Qi-Jing Li: The hallway immunologist
Entering the lab on his first day as a PhD student, Qi-Jing Li "looked like a kid in a candy store," recalls Manuela Martins-Green, Li's doctoral advisor at the University of California, Riverside. Twelve years later, his expression hasn't changed much. Li strolls into his brand-new lab at Duke University Medical Center and shows off his new microscope, equipped with two cameras and a controlled environment chamber for real-time imaging of T-cells. Li is an up-and-coming star in the study of microRNAs and T-cell response, but his path to success was anything but straightforward.
As a child, Li—whose parents were engineers—had no intention of pursuing life science. But a high school teacher changed his mind, and after finishing an undergraduate degree in biochemistry, Li left China for Martins-Green's chemokine laboratory, eager to study cell-to-cell interactions. Li became Martins-Green's most prolific student,...
"If you give him an idea that you can fit on the tip of a finger, he comes back a week later imagining the whole arm," says Martins-Green. In 2001, Li detailed the previously unknown mechanism of how thrombin, a coagulation protein, activates chemokine gene expression.1
Near the end of his PhD, Li met Vladimir Parpura, a newly hired Riverside faculty member studying glia-neuron signaling. A hallway conversation with Parpura convinced Li to use live-cell imaging to study cell-to-cell interactions. Three months of experiments convinced him: "I found the tool I always needed."
In 2002, Li joined Mark Davis's world-renowned imaging immunology lab at Stanford University. With his usual enthusiasm, "Li immediately took advantage of the resources in the lab," says Davis. Li collaborated with Arup Chakraborty, a chemical and biological engineer then at UC Berkeley and now at MIT. The two published a detailed model of T-cell sensitivity relating to CD4 coreceptors and local concentrations of tyrosine kinase Lck.2
After his initial success, Li floundered until another serendipitous meeting altered his course. In another hallway, Li bumped into Chang-Zheng Chen, a new faculty member at Stanford. Chen suggested an examination of miRNA in the immune system, and Li hit the ground running.
"All my major decisions are based on hallway conversations," Li laughs. After testing only 7 mouse miRNAS, they found mi181a, a potent modulator of T-cell sensitivity. "But Li didn't just say, ‘That's great,' and write a paper," recalls Davis.

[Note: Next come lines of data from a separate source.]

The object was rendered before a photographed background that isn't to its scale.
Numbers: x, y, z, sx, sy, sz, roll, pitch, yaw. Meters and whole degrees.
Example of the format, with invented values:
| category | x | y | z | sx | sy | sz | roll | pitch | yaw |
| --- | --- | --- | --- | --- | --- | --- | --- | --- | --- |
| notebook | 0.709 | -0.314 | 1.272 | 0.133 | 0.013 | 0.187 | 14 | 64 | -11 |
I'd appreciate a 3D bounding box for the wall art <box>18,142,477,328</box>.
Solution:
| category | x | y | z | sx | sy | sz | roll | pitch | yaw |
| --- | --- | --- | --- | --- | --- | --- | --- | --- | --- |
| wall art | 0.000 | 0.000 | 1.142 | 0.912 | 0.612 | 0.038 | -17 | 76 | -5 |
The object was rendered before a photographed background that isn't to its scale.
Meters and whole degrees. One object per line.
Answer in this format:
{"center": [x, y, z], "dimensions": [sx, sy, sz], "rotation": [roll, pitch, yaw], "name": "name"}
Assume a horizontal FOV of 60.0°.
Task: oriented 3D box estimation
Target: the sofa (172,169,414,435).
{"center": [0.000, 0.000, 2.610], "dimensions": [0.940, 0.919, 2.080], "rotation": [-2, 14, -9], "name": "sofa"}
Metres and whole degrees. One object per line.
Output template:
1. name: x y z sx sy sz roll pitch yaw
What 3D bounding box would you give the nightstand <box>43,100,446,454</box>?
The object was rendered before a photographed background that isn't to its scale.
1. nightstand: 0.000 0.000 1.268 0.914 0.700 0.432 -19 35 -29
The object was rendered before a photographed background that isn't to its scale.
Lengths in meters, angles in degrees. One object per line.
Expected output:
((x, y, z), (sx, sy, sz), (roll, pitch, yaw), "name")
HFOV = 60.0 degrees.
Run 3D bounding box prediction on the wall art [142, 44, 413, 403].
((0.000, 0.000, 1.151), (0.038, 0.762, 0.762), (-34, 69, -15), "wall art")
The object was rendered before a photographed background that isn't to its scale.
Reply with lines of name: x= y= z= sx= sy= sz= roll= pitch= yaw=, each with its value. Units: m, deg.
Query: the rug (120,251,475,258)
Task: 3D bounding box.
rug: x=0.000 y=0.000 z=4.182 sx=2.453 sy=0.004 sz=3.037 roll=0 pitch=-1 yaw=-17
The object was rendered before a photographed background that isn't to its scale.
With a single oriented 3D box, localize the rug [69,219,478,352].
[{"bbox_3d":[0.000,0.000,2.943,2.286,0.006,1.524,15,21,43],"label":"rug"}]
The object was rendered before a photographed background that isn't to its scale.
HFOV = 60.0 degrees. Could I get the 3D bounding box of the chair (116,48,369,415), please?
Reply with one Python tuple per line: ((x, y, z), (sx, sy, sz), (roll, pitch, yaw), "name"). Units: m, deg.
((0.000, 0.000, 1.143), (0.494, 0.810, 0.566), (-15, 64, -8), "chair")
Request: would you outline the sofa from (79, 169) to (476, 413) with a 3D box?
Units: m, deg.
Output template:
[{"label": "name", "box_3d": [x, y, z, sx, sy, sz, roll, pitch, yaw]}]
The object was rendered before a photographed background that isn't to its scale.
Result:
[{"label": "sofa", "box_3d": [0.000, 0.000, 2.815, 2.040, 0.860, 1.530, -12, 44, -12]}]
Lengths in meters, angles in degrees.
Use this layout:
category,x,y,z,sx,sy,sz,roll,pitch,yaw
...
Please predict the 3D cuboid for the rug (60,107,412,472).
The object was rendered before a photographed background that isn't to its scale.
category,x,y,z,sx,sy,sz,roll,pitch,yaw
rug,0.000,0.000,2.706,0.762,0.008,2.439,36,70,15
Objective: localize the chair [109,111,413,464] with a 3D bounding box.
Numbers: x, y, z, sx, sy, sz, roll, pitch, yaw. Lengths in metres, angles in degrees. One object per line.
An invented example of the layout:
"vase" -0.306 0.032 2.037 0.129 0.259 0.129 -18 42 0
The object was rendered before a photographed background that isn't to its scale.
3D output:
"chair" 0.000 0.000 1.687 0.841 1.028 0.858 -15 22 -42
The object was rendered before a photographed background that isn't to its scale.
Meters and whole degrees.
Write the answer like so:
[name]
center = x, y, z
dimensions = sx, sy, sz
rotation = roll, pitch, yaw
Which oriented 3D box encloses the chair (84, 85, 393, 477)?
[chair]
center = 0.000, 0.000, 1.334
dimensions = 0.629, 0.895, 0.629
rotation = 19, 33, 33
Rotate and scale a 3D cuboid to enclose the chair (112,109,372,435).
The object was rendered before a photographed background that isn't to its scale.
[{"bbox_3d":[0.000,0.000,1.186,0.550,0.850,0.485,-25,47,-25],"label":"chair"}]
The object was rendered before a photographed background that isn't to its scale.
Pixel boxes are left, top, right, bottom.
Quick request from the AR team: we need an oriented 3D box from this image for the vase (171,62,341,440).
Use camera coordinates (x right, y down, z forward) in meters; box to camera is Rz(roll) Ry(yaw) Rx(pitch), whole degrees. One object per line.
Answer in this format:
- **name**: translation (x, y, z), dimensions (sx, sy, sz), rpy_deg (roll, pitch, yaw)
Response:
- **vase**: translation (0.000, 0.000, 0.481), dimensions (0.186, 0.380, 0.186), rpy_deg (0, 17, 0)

Li profiled miR-181a expression in various stages of T-cell development and tested its mechanism of action.3 "It's a mark of a good scientist," says Davis. "That paper in Cell is a real model of a thorough and important study."
Now an assistant professor at Duke, Li took his miRNA work from mice to humans, developing a technology platform to profile miRNA expression in small populations of cells, such as tumor or HIV samples. The ultimate goal is to determine which of those tiny strands of RNA can be used as biomarkers or drug targets, says Li. Davis has no doubt about the future success of Li's lab. "He's catalytic," says Davis. "He has great talents and wants others to do their best, too. He'll lead them in fruitful directions."